まずは骨盤底筋群のはたらきと尿漏れの関係について詳しくみていきましょう。
尿漏れ全般について詳しく知りたい方はこちらをご覧ください。
>尿漏れ(尿失禁)とは?~男女別の原因と対策について~
●骨盤底筋群のはたらき
「骨盤底筋群」は、内蔵を支える骨盤の一番底にある、ハンモック状の骨格筋の集まりのことをいいます。
膀胱・子宮・直腸などの骨盤内の臓器を骨盤底筋群が下から支え、正しい位置に保つとともに、排泄のコントロールに重要な役割を担っています。
●骨盤底筋群と尿漏れの関係
骨盤底筋群は傷ついたり加齢や閉経によって筋力が低下したりすることがあります。
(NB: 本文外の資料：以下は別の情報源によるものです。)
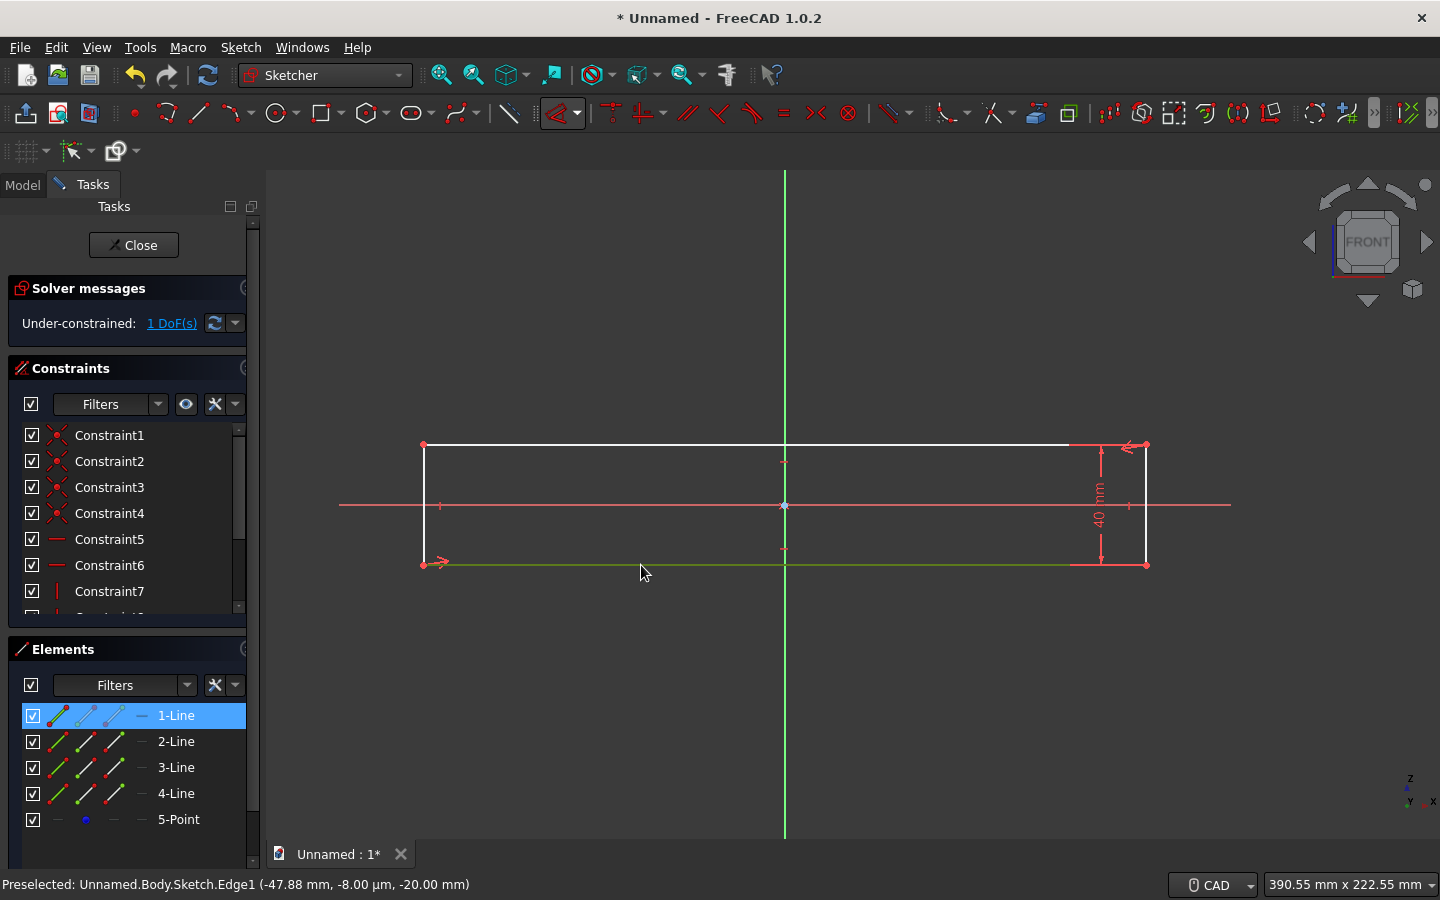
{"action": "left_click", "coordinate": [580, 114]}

そうして骨盤底筋群の力が弱くなると、尿道などを閉めつける力も弱くなります。
そのため咳やくしゃみをしたり、重いものを持ったり大声で笑ったりしてお腹に力が入った瞬間に、反射的に尿道を締めることができなくなり、不意に尿が漏れるようになります。これを「腹圧性尿失禁」といいます。
女性の場合、 男性に比べて尿道が短いという構造上の特徴があることや、妊娠や出産によるダメージ、更年期の女性ホルモンの低下などの影響などの要因が相まって、骨盤底筋群の衰えによる尿漏れを起こしやすいといわれています。
●他にもある?骨盤底筋群の衰えが引き起こすトラブル
骨盤底筋群の衰えによって起こるトラブルは尿もれだけではありません。 骨盤底筋群が弱くなることによって、骨盤内の膀胱や子宮、直腸などの内蔵を支えることができなくなり、重力によってこれらの臓器が下垂してしまう「骨盤臓器脱」 が起こることがあります。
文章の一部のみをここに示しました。